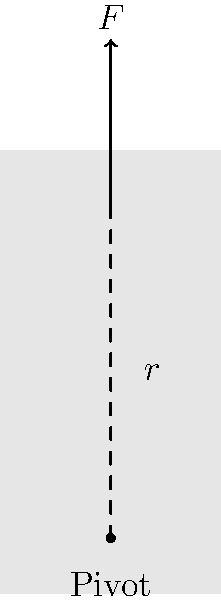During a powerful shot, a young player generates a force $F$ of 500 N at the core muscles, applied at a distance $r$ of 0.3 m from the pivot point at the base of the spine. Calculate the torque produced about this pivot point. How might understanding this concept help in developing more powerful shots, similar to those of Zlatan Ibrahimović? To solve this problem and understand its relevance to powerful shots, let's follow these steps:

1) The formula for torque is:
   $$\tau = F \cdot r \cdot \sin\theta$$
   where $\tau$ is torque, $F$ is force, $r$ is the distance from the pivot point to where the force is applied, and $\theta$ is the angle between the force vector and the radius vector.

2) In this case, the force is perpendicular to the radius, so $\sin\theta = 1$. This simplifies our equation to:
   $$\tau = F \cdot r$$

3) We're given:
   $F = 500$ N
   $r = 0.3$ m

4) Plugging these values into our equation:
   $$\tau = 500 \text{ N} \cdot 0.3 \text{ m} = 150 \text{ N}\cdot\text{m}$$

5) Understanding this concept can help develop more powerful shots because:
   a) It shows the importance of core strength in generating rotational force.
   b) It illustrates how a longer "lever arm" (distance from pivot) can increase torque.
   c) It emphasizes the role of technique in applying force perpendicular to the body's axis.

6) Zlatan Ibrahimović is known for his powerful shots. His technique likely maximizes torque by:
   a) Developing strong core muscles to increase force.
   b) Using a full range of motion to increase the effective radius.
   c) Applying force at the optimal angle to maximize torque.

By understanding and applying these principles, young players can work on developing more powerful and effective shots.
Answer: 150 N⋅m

...

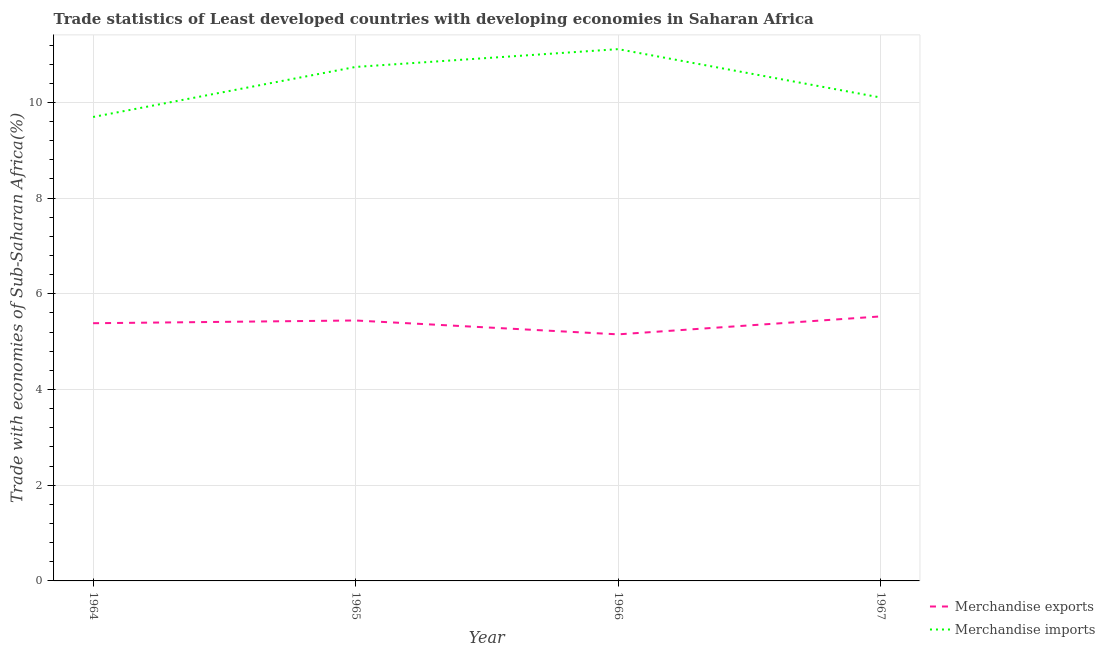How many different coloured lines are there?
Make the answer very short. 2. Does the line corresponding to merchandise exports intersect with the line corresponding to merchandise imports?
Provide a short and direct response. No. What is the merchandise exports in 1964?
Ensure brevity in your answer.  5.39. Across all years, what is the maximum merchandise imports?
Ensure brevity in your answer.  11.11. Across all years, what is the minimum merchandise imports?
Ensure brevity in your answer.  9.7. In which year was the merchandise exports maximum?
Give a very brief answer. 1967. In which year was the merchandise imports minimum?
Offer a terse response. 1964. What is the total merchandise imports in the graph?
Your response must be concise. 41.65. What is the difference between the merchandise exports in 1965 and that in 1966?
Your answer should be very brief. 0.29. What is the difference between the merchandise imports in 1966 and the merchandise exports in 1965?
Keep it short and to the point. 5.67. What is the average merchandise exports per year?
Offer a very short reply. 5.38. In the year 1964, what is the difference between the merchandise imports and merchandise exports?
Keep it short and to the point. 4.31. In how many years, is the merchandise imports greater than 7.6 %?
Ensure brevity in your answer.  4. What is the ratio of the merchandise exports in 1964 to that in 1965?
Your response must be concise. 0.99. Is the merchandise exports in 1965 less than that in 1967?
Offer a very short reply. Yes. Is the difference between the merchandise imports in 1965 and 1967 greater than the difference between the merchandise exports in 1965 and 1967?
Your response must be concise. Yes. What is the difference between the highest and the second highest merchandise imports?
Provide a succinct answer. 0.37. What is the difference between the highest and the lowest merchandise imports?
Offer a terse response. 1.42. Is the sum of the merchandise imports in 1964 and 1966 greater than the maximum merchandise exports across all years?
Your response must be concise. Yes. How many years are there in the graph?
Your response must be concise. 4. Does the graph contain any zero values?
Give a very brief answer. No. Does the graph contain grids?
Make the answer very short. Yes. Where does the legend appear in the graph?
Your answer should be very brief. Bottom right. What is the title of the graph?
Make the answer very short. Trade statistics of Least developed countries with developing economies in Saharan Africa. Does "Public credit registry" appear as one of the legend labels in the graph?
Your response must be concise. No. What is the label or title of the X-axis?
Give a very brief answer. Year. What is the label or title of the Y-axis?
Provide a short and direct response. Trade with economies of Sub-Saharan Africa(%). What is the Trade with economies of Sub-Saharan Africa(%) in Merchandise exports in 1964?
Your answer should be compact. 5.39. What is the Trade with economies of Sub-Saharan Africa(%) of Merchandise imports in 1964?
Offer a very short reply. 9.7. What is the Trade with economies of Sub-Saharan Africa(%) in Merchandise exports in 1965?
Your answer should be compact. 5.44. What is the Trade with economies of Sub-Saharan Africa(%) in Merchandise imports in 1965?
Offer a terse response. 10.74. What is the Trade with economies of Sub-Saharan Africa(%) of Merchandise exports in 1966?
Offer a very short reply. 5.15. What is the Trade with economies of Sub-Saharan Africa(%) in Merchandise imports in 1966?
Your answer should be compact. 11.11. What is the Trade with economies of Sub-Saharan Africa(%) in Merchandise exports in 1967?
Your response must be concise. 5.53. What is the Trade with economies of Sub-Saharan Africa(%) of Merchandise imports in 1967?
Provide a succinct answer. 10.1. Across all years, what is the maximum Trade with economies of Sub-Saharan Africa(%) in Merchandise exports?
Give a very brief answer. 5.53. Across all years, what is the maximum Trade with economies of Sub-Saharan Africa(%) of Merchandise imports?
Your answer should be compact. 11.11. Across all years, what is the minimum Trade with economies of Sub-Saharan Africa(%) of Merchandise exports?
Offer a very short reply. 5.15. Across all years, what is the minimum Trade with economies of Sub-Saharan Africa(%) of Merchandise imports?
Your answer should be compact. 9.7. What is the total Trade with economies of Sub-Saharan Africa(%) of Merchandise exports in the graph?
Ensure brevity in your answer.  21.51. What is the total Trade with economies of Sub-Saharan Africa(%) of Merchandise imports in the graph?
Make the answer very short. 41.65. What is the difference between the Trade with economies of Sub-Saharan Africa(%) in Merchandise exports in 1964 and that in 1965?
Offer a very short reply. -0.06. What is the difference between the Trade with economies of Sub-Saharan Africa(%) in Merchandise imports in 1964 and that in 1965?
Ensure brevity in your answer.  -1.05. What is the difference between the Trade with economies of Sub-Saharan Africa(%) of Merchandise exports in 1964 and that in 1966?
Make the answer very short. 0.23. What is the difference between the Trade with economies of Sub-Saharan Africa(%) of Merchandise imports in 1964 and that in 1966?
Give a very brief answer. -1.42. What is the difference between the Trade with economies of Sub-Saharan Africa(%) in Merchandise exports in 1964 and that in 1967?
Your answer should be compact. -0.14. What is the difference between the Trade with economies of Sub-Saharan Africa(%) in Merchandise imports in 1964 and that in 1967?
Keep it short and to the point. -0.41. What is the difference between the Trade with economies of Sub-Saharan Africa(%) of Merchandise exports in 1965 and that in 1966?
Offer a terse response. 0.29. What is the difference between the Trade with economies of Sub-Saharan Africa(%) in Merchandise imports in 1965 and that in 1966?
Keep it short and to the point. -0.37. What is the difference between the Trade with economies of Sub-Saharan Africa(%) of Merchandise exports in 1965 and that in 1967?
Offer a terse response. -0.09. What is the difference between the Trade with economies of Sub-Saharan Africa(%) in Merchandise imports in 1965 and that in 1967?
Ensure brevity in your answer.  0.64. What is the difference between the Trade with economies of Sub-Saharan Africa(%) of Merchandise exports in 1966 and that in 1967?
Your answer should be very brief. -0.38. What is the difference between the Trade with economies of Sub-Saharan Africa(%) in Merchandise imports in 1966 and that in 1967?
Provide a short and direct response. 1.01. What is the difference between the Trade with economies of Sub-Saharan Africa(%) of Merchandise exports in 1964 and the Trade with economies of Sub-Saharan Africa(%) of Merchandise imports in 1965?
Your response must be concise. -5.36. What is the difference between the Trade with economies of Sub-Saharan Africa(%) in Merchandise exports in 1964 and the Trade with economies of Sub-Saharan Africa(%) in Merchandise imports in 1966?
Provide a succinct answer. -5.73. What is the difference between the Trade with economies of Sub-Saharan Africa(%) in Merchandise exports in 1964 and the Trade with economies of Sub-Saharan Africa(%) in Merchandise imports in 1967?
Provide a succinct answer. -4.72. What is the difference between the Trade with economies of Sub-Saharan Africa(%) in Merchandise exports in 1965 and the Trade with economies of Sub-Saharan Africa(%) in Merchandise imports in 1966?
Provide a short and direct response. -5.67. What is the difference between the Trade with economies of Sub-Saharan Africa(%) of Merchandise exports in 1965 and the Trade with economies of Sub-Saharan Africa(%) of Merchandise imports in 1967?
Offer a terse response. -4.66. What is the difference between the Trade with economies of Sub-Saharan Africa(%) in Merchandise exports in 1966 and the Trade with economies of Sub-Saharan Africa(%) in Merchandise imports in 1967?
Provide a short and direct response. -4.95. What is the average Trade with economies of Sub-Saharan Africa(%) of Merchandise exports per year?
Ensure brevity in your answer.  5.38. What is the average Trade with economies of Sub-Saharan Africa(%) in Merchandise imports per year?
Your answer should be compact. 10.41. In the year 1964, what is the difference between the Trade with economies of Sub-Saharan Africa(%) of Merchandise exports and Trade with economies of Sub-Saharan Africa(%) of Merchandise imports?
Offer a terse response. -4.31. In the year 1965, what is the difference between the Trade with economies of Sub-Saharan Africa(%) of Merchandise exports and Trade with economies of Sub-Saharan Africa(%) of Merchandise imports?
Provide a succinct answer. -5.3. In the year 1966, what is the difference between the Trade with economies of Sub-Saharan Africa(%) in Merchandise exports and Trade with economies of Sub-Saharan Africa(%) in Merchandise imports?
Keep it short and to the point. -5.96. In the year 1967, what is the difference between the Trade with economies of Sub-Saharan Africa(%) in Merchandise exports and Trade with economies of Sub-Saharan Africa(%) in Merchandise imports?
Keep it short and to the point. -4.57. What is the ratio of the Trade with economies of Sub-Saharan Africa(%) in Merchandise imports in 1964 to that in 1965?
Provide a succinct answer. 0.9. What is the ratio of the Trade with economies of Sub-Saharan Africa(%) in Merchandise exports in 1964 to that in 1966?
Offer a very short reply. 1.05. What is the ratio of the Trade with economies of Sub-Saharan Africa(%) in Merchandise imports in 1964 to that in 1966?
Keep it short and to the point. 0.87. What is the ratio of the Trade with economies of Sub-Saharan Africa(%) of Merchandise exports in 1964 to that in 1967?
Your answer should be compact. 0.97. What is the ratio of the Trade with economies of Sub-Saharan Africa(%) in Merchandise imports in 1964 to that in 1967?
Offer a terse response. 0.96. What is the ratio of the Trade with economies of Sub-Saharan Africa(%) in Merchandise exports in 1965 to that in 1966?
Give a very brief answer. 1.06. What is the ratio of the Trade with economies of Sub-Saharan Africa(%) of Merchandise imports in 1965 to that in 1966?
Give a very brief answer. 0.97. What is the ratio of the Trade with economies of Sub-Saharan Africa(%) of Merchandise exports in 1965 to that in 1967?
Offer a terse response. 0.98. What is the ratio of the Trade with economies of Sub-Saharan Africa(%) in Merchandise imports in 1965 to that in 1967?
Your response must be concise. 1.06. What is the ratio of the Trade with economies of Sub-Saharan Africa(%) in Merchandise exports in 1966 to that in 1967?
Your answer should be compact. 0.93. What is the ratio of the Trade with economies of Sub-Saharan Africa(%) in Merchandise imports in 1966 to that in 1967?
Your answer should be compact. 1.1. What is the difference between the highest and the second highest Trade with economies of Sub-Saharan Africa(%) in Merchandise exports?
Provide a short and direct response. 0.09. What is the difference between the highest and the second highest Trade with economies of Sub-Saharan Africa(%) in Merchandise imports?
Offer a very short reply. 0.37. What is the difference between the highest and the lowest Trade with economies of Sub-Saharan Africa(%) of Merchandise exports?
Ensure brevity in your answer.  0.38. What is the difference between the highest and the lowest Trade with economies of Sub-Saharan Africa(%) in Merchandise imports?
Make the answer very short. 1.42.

Required action: Which lines of the listing include the string "legend"? Pull them out.

Result of the task:
Make the answer very short. Yes. Where does the legend appear in the graph?
Make the answer very short. Trade statistics of Least developed countries with developing economies in Saharan Africa. Does "Public credit registry" appear as one of the legend labels in the graph?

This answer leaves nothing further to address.